Data excerpt:
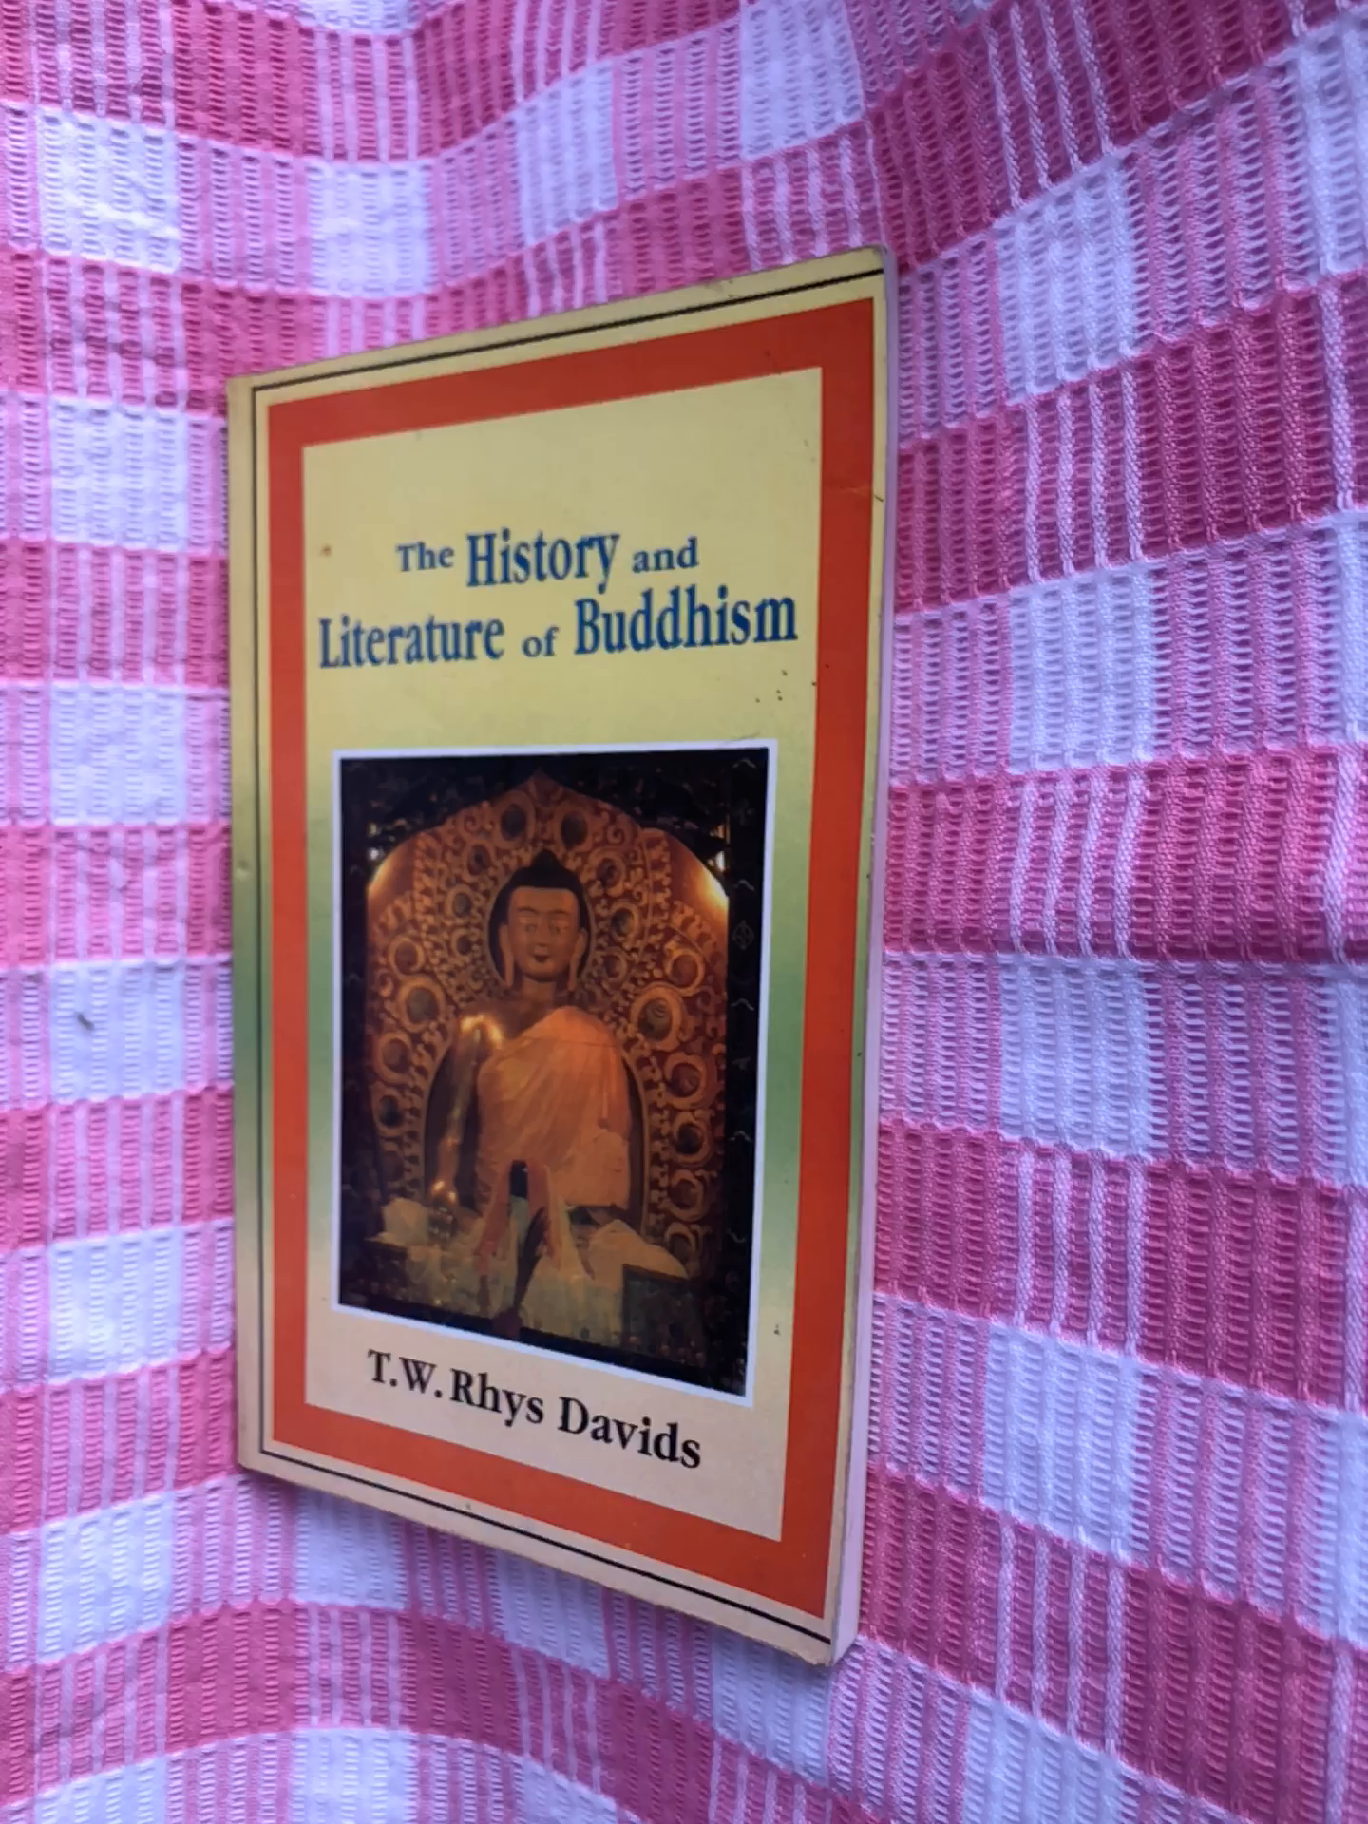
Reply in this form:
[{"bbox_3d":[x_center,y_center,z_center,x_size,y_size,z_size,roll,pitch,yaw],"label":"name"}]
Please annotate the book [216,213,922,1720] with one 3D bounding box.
[{"bbox_3d":[-0.029,0.007,0.271,0.020,0.139,0.220,-2,94,-55],"label":"book"}]

What is expected:
Copy the data exactly. Any picture it contains is to be omitted.

Answer to this task:
Reply in this form:
[{"bbox_3d":[x_center,y_center,z_center,x_size,y_size,z_size,roll,pitch,yaw],"label":"name"}]
Please annotate the book [216,213,922,1720] with one 3D bounding box.
[{"bbox_3d":[-0.029,0.007,0.271,0.020,0.139,0.220,-2,94,-55],"label":"book"}]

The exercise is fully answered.